Assume that deliberation happens against the background of a deliberative state. This is a triple \(\delta = \langle \mathcal {B} , \mathcal {D} , \mathcal {I} \rangle\), where \(\mathcal {B}\) is a credence function–a function from propositions forming a \(\sigma\)-algebra to real numbersFootnote 18; \(\mathcal {D}\) is a structured desirability function (more on this concept in the next paragraph); and \(\mathcal {I}\) is a set of intentions, modeled as a set of options (also discussed in greater depth below). In principle, it would be good to keep separate tabs of those intentions that have been merely been committed to and those intentions that have been already executed. In practice, it simplifies our formalism to blur this distinction for the time being. As a point of notation, ‘\(\mathcal {B} _\delta\)’, ‘\(\mathcal {D} _\delta\)’ and ‘\(\mathcal {I} _\delta\)’ are ways of denoting the individual coordinates of \(\delta\).

A structured desirability function \(\mathcal {D}\) is a pair \(\langle \langle d_1,..., d_n \rangle , h \rangle\) consisting of a sequence \(\langle d_1,..., d_n \rangle\) of known determinants of desirability and an aggregation method h. (For simplicity, I assume that each determinant has the same type as the aggregated desirability function itself, mapping outcomes to real numbers.) How the aggregation method h combines the individual determinants is left untheorized for the present purposes. For one thing, in the indirect approach the known determinants are reverse-engineered post-hoc: so we should be careful to avoid reading h as meaning that these factors play a causal role in generating the relevant outcomes. For another, even in the direct approach, the matter could be as simple as there being a single determinant \(d_1\) and h being the identity function: this would crown \(d_1\) as the all-things considered desirability function. Alternatively, it might be that h performs some (possibly weighted) average of the known determinants in \(\langle d_1,..., d_n \rangle\); or it could be something else entirely. Indeed, since we did not include unknown determinants in \(\langle d_1,..., d_n \rangle\), h will have to incorporate any information about desirability that goes beyond what is known in the relevant sense. Thus any example in which there are unknown determinants will require h to be much more complex than an average of known determinants.

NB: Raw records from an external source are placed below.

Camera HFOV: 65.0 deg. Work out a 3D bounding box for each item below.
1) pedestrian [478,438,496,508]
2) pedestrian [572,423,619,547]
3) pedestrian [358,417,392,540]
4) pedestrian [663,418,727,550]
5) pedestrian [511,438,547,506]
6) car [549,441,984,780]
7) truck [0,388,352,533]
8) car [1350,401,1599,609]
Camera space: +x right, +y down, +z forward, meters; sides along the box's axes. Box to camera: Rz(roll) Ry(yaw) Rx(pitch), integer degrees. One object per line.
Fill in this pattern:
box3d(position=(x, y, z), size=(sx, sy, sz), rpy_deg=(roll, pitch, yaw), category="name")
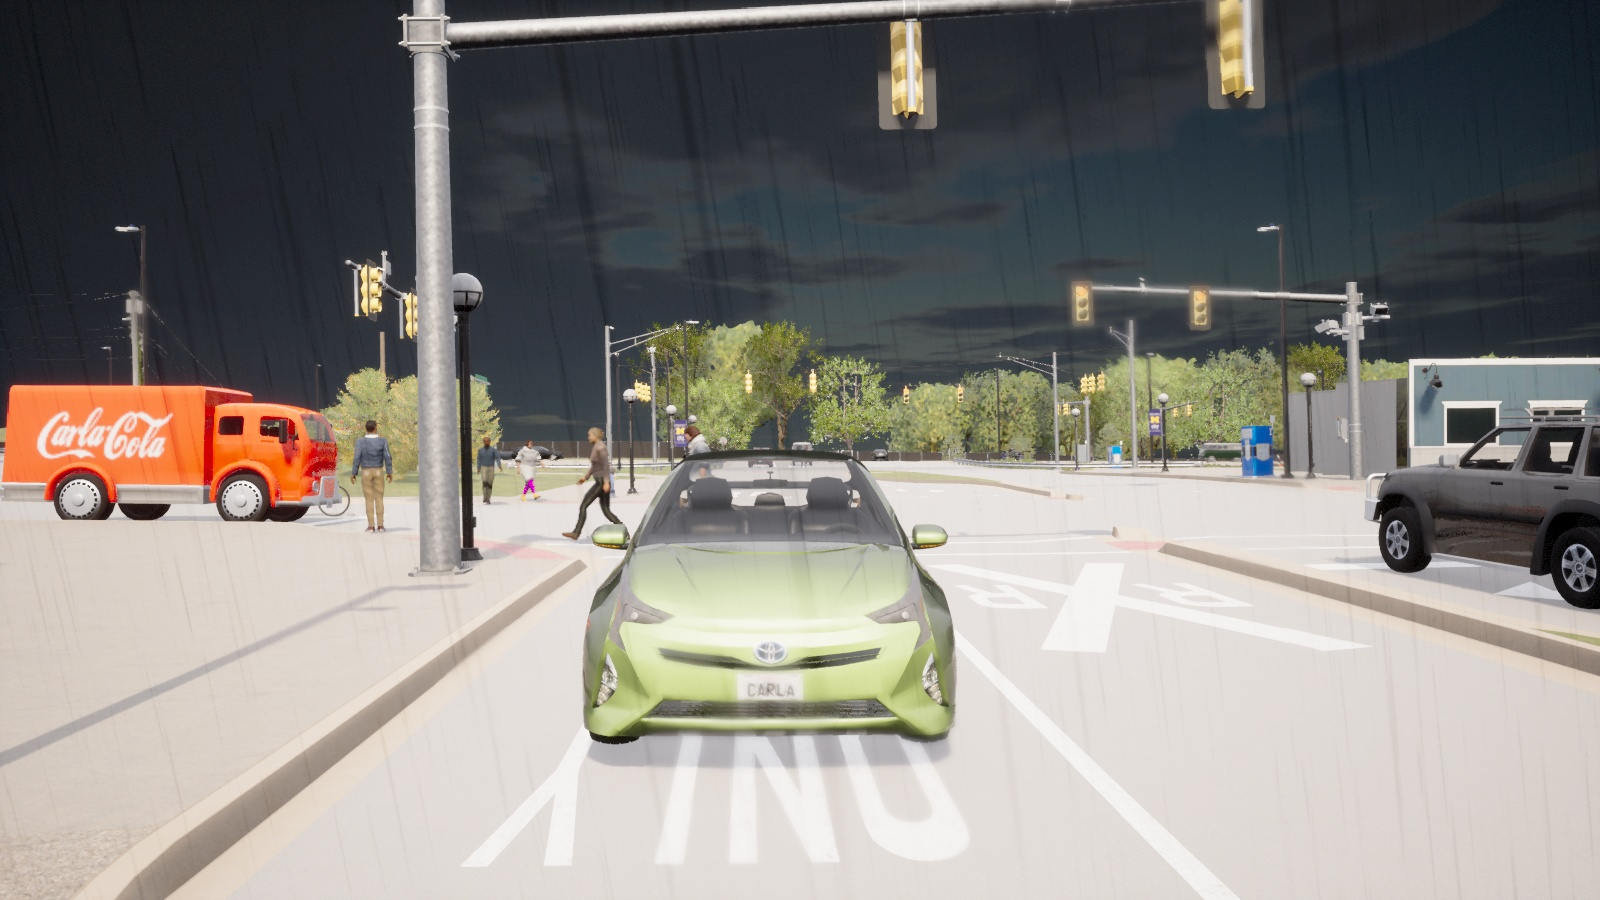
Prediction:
box3d(position=(-8.366, 0.603, 33.586), size=(0.370, 1.835, 0.726), rpy_deg=(-2, -1, -12), category="pedestrian")
box3d(position=(-3.108, 0.524, 19.094), size=(0.634, 1.846, 0.331), rpy_deg=(-2, -1, -4), category="pedestrian")
box3d(position=(-6.906, 0.455, 20.401), size=(0.423, 1.949, 0.788), rpy_deg=(-2, -1, -22), category="pedestrian")
box3d(position=(-1.598, 0.511, 19.159), size=(0.873, 1.952, 0.659), rpy_deg=(-2, -1, -1), category="pedestrian")
box3d(position=(-7.982, 0.649, 37.024), size=(0.659, 1.952, 0.873), rpy_deg=(-1, -1, -39), category="pedestrian")
box3d(position=(-0.205, 0.725, 8.079), size=(2.007, 1.525, 4.514), rpy_deg=(0, 1, -1), category="car")
box3d(position=(-11.177, 0.198, 22.731), size=(5.204, 2.467, 2.627), rpy_deg=(0, -1, -2), category="truck")
box3d(position=(7.885, 0.437, 13.016), size=(1.932, 1.855, 4.605), rpy_deg=(-1, 1, -7), category="car")
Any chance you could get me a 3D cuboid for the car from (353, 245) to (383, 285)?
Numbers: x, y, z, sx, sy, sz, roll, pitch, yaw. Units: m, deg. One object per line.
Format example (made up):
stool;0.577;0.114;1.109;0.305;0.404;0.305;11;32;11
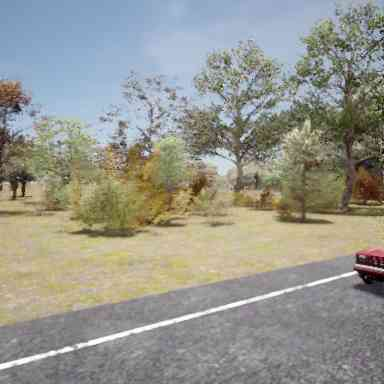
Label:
car;6.070;1.597;8.318;4.718;1.301;1.895;0;0;-35
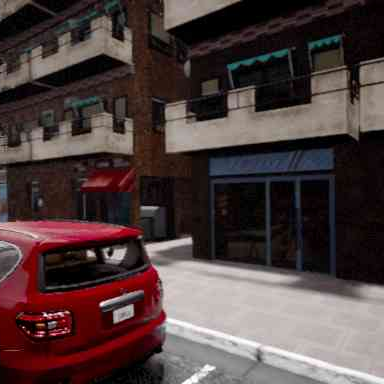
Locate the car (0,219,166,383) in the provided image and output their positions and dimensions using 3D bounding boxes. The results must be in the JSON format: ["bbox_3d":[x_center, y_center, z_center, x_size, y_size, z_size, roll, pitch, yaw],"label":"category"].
[{"bbox_3d":[-2.640,1.322,4.774,5.009,1.841,2.192,0,-1,36],"label":"car"}]
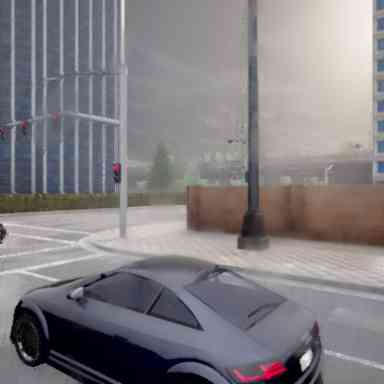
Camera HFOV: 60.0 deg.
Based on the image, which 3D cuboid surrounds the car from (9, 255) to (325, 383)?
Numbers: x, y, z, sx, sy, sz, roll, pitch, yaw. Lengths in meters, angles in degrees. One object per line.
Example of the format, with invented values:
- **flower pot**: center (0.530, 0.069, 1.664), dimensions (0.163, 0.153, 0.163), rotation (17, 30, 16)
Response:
- **car**: center (-0.531, 1.564, 4.350), dimensions (4.181, 1.385, 1.994), rotation (0, 0, 35)

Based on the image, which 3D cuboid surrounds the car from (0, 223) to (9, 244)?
- **car**: center (-8.805, 1.565, 13.128), dimensions (1.994, 1.385, 4.181), rotation (0, 0, -17)
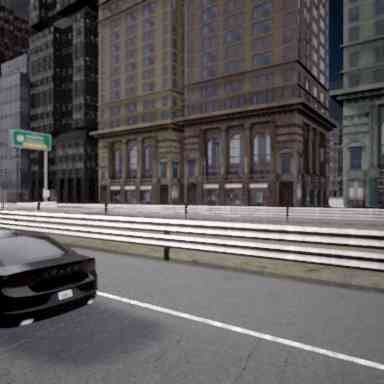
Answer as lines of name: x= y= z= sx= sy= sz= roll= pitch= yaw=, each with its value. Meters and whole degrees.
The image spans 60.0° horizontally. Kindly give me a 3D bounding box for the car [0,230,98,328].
car: x=-4.070 y=1.528 z=6.868 sx=5.008 sy=1.535 sz=1.882 roll=0 pitch=0 yaw=36
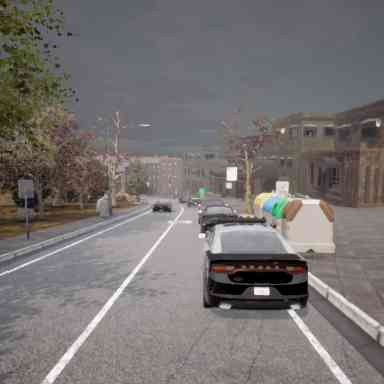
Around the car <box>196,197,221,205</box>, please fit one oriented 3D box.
[{"bbox_3d":[1.513,1.278,23.921,2.097,1.767,4.553,0,0,1],"label":"car"}]

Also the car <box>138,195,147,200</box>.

We model options as pairs \(\langle \Pi , \text {K} \rangle\) consisting of a set of preconditions \(\Pi\), and a set of consequences K.Footnote 19 Given an option, the preconditions and consequences of that option are themselves modeled as consistent sets of propositions. Write o’s preconditions as ‘\(\Pi _o\)’ and o’s consequences as ‘\(K_o\)’. It is helpful to have a notion of incompatibility between options that is specified in terms of this preconditions/outcome structure. Multiple such notions are available. We could say that two options m and n are outcome-incompatible iff \(\bigcap (K_m \cup K_n)=\emptyset\)—that is, if their consequences are incompatible. To do the work that this is supposed to do, the consequences of any one option must be specified in a fine-grained way: suppose an agent has the option (\(o_1\)) of slicing the bread with their right hand and (\(o_2\)) of slicing the bread with their left hand. These options are intended to be incompatible, so \(K_{o_1}\) and \(K_{o_2}\) must include more than just the mere state that the bread is sliced. For another notion of incompatibility, we might say that m and n are sequentially-incompatible iff the consequences of m preclude the preconditions of n, i.e.\(\bigcap (K_m \cup \Pi _n) = \emptyset\). Sequential incompatibility is important in the context of generating options at the beginning of deliberation, after an update. Here, however, in the interest of keeping focus on the mechanics of reconsideration we will downplay the importance of this diachronic perspective.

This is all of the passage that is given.